RFR: Implement protocol for safe OOM during evacuation handling

Mon Mar 5 15:58:18 UTC 2018

Am 05.03.2018 um 16:41 schrieb Zhengyu Gu:
> 
> 
> On 03/05/2018 10:29 AM, Roman Kennke wrote:
>> Am 05.03.2018 um 16:08 schrieb Zhengyu Gu:
>>> Hi Roman,
>>>
>>>> ShenandoahOOMDuringEvacScope
>>>> - The protocol has been designed to allow repeated calls into
>>>> evac_object even if OOM-during-evac is active:
>>>>     - workers may work in strides. OOMing at one object doesn't mean
>>>> it's
>>>> not attempted again for the next
>>>>     - write-barriers may return, and go into another write-barrier
>>>> before
>>>> reaching a safepoint
>>>>
>>>> ... it is ok to do that, the protocol will lead to simple+safe RB when
>>>> calling into evac_object() again.
>>>>
>>>> - There are situations when we need to *leave* the scope. Most
>>>> importantly, workers (in partial and traversal) need to signal the
>>>> terminator that they are ready, which will cause them to wait other
>>>> workers to finish, and in which they will *not* be able to give up the
>>>> OOM-counter. We must leave the scope before signalling the terminator,
>>>> and we have ShenandoahOOMDuringEvacScopeLeaver for that. There are a
>>>> few
>>>> other situations where we need to leave the scope to avoid nested
>>>> scoping. Leaving the scope like this is ok because of the above
>>>> mentioned design to allow repeated calls into the protocol.
>>>
>>> This sounds suspicious ... you have counter that drops to 0, then comes
>>> back up, I think there can have race here.
>>>
>>> shenandoahTraversalGC.cpp
>>>
>>>   483     for (uint i = 0; i < stride; i++) {
>>>   484       if ((q->pop_buffer(task) ||
>>>   485            q->pop_local(task) ||
>>>   486            q->pop_overflow(task) ||
>>>   487            (DO_SATB &&
>>> satb_mq_set.apply_closure_to_completed_buffer(&satb_cl) &&
>>> q->pop_buffer(task)) ||
>>>   488            queues->steal(worker_id, &seed, task))) {
>>>   489         conc_mark->do_task<T, true>(q, cl, live_data, &task);
>>>   490       } else {
>>>   491         ShenandoahOOMDuringEvacScopeLeaver oom_scope_leaver;
>>>   492         if (terminator->offer_termination()) return;
>>>   493       }
>>>
>>>
>>> E.g.

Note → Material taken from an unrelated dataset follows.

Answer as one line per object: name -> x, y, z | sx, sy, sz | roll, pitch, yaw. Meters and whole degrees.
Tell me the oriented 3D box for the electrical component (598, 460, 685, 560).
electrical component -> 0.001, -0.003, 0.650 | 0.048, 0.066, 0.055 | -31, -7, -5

L#491 counter drops to 0 -> WB returns -> fails to terminate -> it
>>> can evacuate again?
>>>
>>
>> I don't think so. After the protocol is done, it will keep up the
>> OOM_MARKER_MASK until it's cleared during safepoint. This is checked
>> upon entry of the protocol, and does a fast-path-return after setting up
>> the flags to return with RB.
>>
>> If it happens to enter repeatedly while the protocol is in progress, it
>> will participate in it as normal, e.g. will be blocked to enter until
>> the protocol is done, and then observe the OOM_MARKER_MASK and return
>> with RB as above.
>>
>> It must be ok to enter into the protocol repeatedly without race. If you
>> find a race please describe it to me.
>>
> What I described above, is an example, no?
> 
> L#491 drops counter to 0, so WB exit.
> L#492 fails to terminate, re-enters protocol. However, there is no check
> if OOM protocol is in progress, then goes to L#484, and find some thing ...

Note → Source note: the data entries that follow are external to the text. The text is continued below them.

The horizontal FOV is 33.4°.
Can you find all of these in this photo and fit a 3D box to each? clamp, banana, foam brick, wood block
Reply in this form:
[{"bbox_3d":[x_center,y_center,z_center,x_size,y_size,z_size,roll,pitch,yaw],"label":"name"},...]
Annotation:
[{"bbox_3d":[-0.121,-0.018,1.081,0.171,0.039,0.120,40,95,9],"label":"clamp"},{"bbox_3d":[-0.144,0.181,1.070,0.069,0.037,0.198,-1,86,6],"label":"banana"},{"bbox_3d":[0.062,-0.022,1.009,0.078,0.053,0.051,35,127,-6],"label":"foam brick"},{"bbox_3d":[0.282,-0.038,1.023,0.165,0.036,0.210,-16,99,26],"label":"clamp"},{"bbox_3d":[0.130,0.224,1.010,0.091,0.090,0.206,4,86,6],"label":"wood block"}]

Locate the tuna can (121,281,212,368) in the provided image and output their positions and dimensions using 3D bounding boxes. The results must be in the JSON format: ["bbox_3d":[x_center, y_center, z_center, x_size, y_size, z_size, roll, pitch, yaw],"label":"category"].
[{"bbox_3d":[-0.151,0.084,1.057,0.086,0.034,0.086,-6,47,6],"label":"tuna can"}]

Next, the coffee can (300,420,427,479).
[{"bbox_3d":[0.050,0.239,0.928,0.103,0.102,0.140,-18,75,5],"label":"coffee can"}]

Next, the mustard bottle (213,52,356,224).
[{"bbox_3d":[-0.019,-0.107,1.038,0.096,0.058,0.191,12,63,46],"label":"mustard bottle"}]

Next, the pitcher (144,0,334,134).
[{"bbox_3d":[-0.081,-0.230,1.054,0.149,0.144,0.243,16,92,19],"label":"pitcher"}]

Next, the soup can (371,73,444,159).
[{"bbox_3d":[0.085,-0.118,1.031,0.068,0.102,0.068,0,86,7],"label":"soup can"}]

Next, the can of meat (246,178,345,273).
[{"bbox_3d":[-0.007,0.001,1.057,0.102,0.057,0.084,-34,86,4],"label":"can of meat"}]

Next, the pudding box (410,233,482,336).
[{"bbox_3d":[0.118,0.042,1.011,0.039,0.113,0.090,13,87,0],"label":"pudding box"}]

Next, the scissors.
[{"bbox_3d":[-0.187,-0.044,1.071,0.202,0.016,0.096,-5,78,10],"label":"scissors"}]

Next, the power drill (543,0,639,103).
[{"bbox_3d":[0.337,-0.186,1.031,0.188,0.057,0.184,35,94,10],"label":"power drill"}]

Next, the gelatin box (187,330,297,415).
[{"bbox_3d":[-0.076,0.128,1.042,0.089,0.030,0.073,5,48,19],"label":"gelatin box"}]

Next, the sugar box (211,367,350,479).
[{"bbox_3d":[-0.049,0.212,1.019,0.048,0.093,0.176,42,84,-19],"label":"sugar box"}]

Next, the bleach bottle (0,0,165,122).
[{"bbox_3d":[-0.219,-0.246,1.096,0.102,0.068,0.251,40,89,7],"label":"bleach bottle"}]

There is a check upon (re-)entry:

https://paste.fedoraproject.org/paste/dVol6OSw8S37dH5RBNztMQ

Which means it raises the TL-flag again in wait_for_no_evac_flag() and
thus cause any encapsulated call to evac_obj() to return with RB. The
actual wait loop will not be entered again if the protocol was already done.

*If* this happens while the protocol is started or in-progress, it will
do the usual CAS counting, which should prevent races.